Would you please restate all of the entries exactly, apart from the pictures?
━━ Raw data ━━
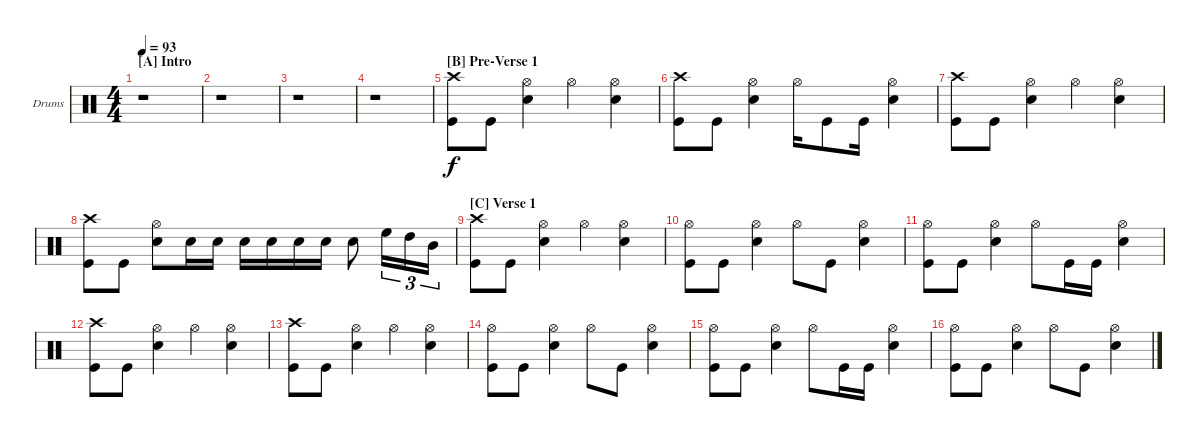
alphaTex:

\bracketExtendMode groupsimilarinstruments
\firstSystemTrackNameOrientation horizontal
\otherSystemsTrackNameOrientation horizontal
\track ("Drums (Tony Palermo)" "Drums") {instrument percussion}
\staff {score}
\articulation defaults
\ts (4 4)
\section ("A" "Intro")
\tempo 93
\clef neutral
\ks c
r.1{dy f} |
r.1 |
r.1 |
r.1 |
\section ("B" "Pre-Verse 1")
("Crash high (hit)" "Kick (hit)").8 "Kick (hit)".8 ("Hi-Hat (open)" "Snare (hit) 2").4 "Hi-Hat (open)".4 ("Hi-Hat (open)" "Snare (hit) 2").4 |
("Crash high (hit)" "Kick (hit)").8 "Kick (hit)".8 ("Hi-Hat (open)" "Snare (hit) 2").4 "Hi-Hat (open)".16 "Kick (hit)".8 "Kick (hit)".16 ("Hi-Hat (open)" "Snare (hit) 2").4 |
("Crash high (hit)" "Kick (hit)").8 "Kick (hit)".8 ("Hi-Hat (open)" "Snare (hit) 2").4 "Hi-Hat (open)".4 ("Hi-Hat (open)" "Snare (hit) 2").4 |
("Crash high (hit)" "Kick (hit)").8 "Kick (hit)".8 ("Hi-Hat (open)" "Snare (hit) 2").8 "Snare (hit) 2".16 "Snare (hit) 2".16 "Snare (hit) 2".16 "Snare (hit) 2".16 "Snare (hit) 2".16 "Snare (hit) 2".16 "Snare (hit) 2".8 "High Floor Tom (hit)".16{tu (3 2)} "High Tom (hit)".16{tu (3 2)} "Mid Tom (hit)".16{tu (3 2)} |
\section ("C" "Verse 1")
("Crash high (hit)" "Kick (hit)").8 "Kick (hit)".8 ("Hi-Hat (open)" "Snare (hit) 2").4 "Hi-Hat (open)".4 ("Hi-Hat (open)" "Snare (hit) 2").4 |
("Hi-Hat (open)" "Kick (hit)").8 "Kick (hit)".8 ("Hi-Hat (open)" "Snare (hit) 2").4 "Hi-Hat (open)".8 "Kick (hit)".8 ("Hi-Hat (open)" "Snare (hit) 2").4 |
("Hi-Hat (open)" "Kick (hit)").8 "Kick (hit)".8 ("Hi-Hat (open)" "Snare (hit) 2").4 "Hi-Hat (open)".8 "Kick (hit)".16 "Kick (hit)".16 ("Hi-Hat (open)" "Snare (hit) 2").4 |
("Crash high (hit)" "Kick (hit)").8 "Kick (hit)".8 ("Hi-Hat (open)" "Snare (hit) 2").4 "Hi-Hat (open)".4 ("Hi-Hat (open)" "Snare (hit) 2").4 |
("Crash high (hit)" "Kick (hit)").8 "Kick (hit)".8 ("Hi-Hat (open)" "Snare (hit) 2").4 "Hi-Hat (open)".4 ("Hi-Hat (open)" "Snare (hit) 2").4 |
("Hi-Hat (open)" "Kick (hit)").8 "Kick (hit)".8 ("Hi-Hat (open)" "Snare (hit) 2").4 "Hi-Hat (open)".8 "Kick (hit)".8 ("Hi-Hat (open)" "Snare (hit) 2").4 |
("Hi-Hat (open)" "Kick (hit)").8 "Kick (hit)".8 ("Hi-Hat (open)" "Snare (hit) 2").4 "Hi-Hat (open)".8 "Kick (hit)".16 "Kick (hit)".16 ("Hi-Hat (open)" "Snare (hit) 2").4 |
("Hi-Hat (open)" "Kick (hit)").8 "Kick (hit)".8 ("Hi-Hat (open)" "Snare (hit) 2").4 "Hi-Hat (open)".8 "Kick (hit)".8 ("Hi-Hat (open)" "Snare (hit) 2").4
━━━
• _Your response_
alphaTex:

\bracketExtendMode groupsimilarinstruments
\firstSystemTrackNameOrientation horizontal
\otherSystemsTrackNameOrientation horizontal
\track ("Drums (Tony Palermo)" "Drums") {instrument percussion}
\staff {score}
\articulation defaults
\ts (4 4)
\section ("A" "Intro")
\tempo 93
\clef neutral
\ks c
r.1{dy f} |
r.1 |
r.1 |
r.1 |
\section ("B" "Pre-Verse 1")
("Crash high (hit)" "Kick (hit)").8 "Kick (hit)".8 ("Hi-Hat (open)" "Snare (hit) 2").4 "Hi-Hat (open)".4 ("Hi-Hat (open)" "Snare (hit) 2").4 |
("Crash high (hit)" "Kick (hit)").8 "Kick (hit)".8 ("Hi-Hat (open)" "Snare (hit) 2").4 "Hi-Hat (open)".16 "Kick (hit)".8 "Kick (hit)".16 ("Hi-Hat (open)" "Snare (hit) 2").4 |
("Crash high (hit)" "Kick (hit)").8 "Kick (hit)".8 ("Hi-Hat (open)" "Snare (hit) 2").4 "Hi-Hat (open)".4 ("Hi-Hat (open)" "Snare (hit) 2").4 |
("Crash high (hit)" "Kick (hit)").8 "Kick (hit)".8 ("Hi-Hat (open)" "Snare (hit) 2").8 "Snare (hit) 2".16 "Snare (hit) 2".16 "Snare (hit) 2".16 "Snare (hit) 2".16 "Snare (hit) 2".16 "Snare (hit) 2".16 "Snare (hit) 2".8 "High Floor Tom (hit)".16{tu (3 2)} "High Tom (hit)".16{tu (3 2)} "Mid Tom (hit)".16{tu (3 2)} |
\section ("C" "Verse 1")
("Crash high (hit)" "Kick (hit)").8 "Kick (hit)".8 ("Hi-Hat (open)" "Snare (hit) 2").4 "Hi-Hat (open)".4 ("Hi-Hat (open)" "Snare (hit) 2").4 |
("Hi-Hat (open)" "Kick (hit)").8 "Kick (hit)".8 ("Hi-Hat (open)" "Snare (hit) 2").4 "Hi-Hat (open)".8 "Kick (hit)".8 ("Hi-Hat (open)" "Snare (hit) 2").4 |
("Hi-Hat (open)" "Kick (hit)").8 "Kick (hit)".8 ("Hi-Hat (open)" "Snare (hit) 2").4 "Hi-Hat (open)".8 "Kick (hit)".16 "Kick (hit)".16 ("Hi-Hat (open)" "Snare (hit) 2").4 |
("Crash high (hit)" "Kick (hit)").8 "Kick (hit)".8 ("Hi-Hat (open)" "Snare (hit) 2").4 "Hi-Hat (open)".4 ("Hi-Hat (open)" "Snare (hit) 2").4 |
("Crash high (hit)" "Kick (hit)").8 "Kick (hit)".8 ("Hi-Hat (open)" "Snare (hit) 2").4 "Hi-Hat (open)".4 ("Hi-Hat (open)" "Snare (hit) 2").4 |
("Hi-Hat (open)" "Kick (hit)").8 "Kick (hit)".8 ("Hi-Hat (open)" "Snare (hit) 2").4 "Hi-Hat (open)".8 "Kick (hit)".8 ("Hi-Hat (open)" "Snare (hit) 2").4 |
("Hi-Hat (open)" "Kick (hit)").8 "Kick (hit)".8 ("Hi-Hat (open)" "Snare (hit) 2").4 "Hi-Hat (open)".8 "Kick (hit)".16 "Kick (hit)".16 ("Hi-Hat (open)" "Snare (hit) 2").4 |
("Hi-Hat (open)" "Kick (hit)").8 "Kick (hit)".8 ("Hi-Hat (open)" "Snare (hit) 2").4 "Hi-Hat (open)".8 "Kick (hit)".8 ("Hi-Hat (open)" "Snare (hit) 2").4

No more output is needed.